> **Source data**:
= Beginning of Section =

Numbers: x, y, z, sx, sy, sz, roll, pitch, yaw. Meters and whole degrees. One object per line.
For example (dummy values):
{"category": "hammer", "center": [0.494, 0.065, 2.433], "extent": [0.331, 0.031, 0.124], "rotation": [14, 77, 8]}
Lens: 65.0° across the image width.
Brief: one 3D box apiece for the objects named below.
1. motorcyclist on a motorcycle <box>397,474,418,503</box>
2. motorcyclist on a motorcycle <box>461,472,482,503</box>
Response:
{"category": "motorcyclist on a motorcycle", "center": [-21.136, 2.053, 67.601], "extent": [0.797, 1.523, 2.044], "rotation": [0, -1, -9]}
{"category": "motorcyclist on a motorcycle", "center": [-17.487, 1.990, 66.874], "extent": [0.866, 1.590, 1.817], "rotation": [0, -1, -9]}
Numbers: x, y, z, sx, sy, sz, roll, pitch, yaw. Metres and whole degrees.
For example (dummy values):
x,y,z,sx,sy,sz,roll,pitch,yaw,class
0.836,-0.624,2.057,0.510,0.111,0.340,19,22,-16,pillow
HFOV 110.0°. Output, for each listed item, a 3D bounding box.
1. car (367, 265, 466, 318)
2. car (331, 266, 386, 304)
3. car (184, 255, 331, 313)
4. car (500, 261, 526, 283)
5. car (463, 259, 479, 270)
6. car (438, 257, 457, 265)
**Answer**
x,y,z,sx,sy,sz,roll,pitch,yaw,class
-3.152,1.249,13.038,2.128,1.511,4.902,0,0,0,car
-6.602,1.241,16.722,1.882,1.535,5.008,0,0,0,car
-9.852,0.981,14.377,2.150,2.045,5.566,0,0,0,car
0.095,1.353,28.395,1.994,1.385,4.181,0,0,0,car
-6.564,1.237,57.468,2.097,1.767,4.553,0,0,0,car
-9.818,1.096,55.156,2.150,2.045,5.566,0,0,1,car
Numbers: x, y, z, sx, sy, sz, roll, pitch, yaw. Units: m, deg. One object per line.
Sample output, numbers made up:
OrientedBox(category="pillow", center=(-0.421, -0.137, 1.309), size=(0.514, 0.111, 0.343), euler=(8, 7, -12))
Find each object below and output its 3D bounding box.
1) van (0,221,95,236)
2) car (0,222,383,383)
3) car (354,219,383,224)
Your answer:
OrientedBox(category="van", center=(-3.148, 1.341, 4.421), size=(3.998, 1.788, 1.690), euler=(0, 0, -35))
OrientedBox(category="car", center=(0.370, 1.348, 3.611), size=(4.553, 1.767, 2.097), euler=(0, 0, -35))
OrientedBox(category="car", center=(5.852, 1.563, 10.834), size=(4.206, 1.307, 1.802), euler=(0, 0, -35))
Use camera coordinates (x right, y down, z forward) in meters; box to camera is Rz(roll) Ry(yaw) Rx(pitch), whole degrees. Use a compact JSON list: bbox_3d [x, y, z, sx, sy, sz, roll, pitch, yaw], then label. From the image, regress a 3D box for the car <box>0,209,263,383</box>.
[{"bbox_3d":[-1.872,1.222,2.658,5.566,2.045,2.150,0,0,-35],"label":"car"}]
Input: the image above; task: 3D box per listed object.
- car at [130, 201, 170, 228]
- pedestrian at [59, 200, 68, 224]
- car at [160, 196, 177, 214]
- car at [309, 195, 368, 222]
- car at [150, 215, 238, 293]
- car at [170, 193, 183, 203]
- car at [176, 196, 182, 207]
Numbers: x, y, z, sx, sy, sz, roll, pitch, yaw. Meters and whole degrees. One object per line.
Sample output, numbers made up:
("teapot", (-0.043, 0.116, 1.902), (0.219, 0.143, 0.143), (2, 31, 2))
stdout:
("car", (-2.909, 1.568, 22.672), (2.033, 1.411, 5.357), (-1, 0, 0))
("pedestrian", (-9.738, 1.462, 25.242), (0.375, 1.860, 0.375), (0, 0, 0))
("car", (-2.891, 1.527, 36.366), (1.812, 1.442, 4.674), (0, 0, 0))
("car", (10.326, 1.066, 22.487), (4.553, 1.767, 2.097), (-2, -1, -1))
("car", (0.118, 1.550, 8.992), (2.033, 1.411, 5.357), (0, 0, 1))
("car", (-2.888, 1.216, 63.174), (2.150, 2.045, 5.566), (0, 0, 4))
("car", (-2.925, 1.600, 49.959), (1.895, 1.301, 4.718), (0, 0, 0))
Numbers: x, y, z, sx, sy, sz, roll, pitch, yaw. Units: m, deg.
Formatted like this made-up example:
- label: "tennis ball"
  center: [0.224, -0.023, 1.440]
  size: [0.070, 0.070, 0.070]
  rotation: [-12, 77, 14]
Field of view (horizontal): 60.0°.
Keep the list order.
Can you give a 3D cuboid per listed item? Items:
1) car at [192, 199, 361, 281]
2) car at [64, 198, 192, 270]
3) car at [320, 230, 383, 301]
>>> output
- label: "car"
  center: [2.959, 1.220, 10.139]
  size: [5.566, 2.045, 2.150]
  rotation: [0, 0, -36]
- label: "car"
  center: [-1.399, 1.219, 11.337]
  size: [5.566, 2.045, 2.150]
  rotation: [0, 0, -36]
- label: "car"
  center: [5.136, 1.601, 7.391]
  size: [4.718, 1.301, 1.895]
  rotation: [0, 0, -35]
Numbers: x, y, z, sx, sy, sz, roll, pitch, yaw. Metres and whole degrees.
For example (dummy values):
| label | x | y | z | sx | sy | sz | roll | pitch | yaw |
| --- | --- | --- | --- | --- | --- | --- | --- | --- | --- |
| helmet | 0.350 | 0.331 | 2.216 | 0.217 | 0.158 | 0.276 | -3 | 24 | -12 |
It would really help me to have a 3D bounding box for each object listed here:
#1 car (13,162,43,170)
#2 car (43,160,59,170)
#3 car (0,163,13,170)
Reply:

= End of Section =

Reproduce the data above in full. Leave nothing out.

> **WRITTEN SOLUTION**:
Numbers: x, y, z, sx, sy, sz, roll, pitch, yaw. Meters and whole degrees. One object per line.
For example (dummy values):
{"category": "hammer", "center": [0.494, 0.065, 2.433], "extent": [0.331, 0.031, 0.124], "rotation": [14, 77, 8]}
Lens: 65.0° across the image width.
Brief: one 3D box apiece for the objects named below.
1. motorcyclist on a motorcycle <box>397,474,418,503</box>
2. motorcyclist on a motorcycle <box>461,472,482,503</box>
Response:
{"category": "motorcyclist on a motorcycle", "center": [-21.136, 2.053, 67.601], "extent": [0.797, 1.523, 2.044], "rotation": [0, -1, -9]}
{"category": "motorcyclist on a motorcycle", "center": [-17.487, 1.990, 66.874], "extent": [0.866, 1.590, 1.817], "rotation": [0, -1, -9]}
Numbers: x, y, z, sx, sy, sz, roll, pitch, yaw. Metres and whole degrees.
For example (dummy values):
x,y,z,sx,sy,sz,roll,pitch,yaw,class
0.836,-0.624,2.057,0.510,0.111,0.340,19,22,-16,pillow
HFOV 110.0°. Output, for each listed item, a 3D bounding box.
1. car (367, 265, 466, 318)
2. car (331, 266, 386, 304)
3. car (184, 255, 331, 313)
4. car (500, 261, 526, 283)
5. car (463, 259, 479, 270)
6. car (438, 257, 457, 265)
**Answer**
x,y,z,sx,sy,sz,roll,pitch,yaw,class
-3.152,1.249,13.038,2.128,1.511,4.902,0,0,0,car
-6.602,1.241,16.722,1.882,1.535,5.008,0,0,0,car
-9.852,0.981,14.377,2.150,2.045,5.566,0,0,0,car
0.095,1.353,28.395,1.994,1.385,4.181,0,0,0,car
-6.564,1.237,57.468,2.097,1.767,4.553,0,0,0,car
-9.818,1.096,55.156,2.150,2.045,5.566,0,0,1,car
Numbers: x, y, z, sx, sy, sz, roll, pitch, yaw. Units: m, deg. One object per line.
Sample output, numbers made up:
OrientedBox(category="pillow", center=(-0.421, -0.137, 1.309), size=(0.514, 0.111, 0.343), euler=(8, 7, -12))
Find each object below and output its 3D bounding box.
1) van (0,221,95,236)
2) car (0,222,383,383)
3) car (354,219,383,224)
Your answer:
OrientedBox(category="van", center=(-3.148, 1.341, 4.421), size=(3.998, 1.788, 1.690), euler=(0, 0, -35))
OrientedBox(category="car", center=(0.370, 1.348, 3.611), size=(4.553, 1.767, 2.097), euler=(0, 0, -35))
OrientedBox(category="car", center=(5.852, 1.563, 10.834), size=(4.206, 1.307, 1.802), euler=(0, 0, -35))
Use camera coordinates (x right, y down, z forward) in meters; box to camera is Rz(roll) Ry(yaw) Rx(pitch), whole degrees. Use a compact JSON list: bbox_3d [x, y, z, sx, sy, sz, roll, pitch, yaw], then label. From the image, regress a 3D box for the car <box>0,209,263,383</box>.
[{"bbox_3d":[-1.872,1.222,2.658,5.566,2.045,2.150,0,0,-35],"label":"car"}]
Input: the image above; task: 3D box per listed object.
- car at [130, 201, 170, 228]
- pedestrian at [59, 200, 68, 224]
- car at [160, 196, 177, 214]
- car at [309, 195, 368, 222]
- car at [150, 215, 238, 293]
- car at [170, 193, 183, 203]
- car at [176, 196, 182, 207]
Numbers: x, y, z, sx, sy, sz, roll, pitch, yaw. Meters and whole degrees. One object per line.
Sample output, numbers made up:
("teapot", (-0.043, 0.116, 1.902), (0.219, 0.143, 0.143), (2, 31, 2))
stdout:
("car", (-2.909, 1.568, 22.672), (2.033, 1.411, 5.357), (-1, 0, 0))
("pedestrian", (-9.738, 1.462, 25.242), (0.375, 1.860, 0.375), (0, 0, 0))
("car", (-2.891, 1.527, 36.366), (1.812, 1.442, 4.674), (0, 0, 0))
("car", (10.326, 1.066, 22.487), (4.553, 1.767, 2.097), (-2, -1, -1))
("car", (0.118, 1.550, 8.992), (2.033, 1.411, 5.357), (0, 0, 1))
("car", (-2.888, 1.216, 63.174), (2.150, 2.045, 5.566), (0, 0, 4))
("car", (-2.925, 1.600, 49.959), (1.895, 1.301, 4.718), (0, 0, 0))
Numbers: x, y, z, sx, sy, sz, roll, pitch, yaw. Units: m, deg.
Formatted like this made-up example:
- label: "tennis ball"
  center: [0.224, -0.023, 1.440]
  size: [0.070, 0.070, 0.070]
  rotation: [-12, 77, 14]
Field of view (horizontal): 60.0°.
Keep the list order.
Can you give a 3D cuboid per listed item? Items:
1) car at [192, 199, 361, 281]
2) car at [64, 198, 192, 270]
3) car at [320, 230, 383, 301]
>>> output
- label: "car"
  center: [2.959, 1.220, 10.139]
  size: [5.566, 2.045, 2.150]
  rotation: [0, 0, -36]
- label: "car"
  center: [-1.399, 1.219, 11.337]
  size: [5.566, 2.045, 2.150]
  rotation: [0, 0, -36]
- label: "car"
  center: [5.136, 1.601, 7.391]
  size: [4.718, 1.301, 1.895]
  rotation: [0, 0, -35]
Numbers: x, y, z, sx, sy, sz, roll, pitch, yaw. Metres and whole degrees.
For example (dummy values):
| label | x | y | z | sx | sy | sz | roll | pitch | yaw |
| --- | --- | --- | --- | --- | --- | --- | --- | --- | --- |
| helmet | 0.350 | 0.331 | 2.216 | 0.217 | 0.158 | 0.276 | -3 | 24 | -12 |
It would really help me to have a 3D bounding box for each object listed here:
#1 car (13,162,43,170)
#2 car (43,160,59,170)
#3 car (0,163,13,170)
Reply:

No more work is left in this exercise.